- **What you are asked to do**: Go line by line through the data below and count those with the string "object". Give the number only.
..........
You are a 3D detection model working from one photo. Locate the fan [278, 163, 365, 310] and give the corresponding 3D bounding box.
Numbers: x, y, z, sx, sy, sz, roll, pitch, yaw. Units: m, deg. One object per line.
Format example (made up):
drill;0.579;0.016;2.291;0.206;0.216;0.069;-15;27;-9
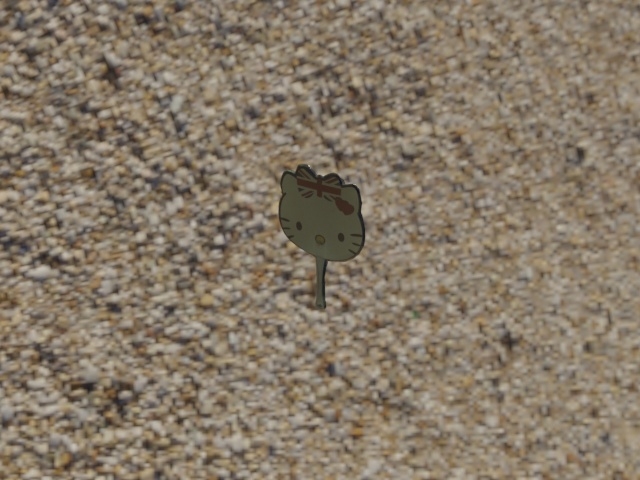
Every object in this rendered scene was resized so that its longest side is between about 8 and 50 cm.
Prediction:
fan;0.000;0.000;0.686;0.004;0.056;0.083;-30;129;-50
..........
- **Solution to the problem**: 2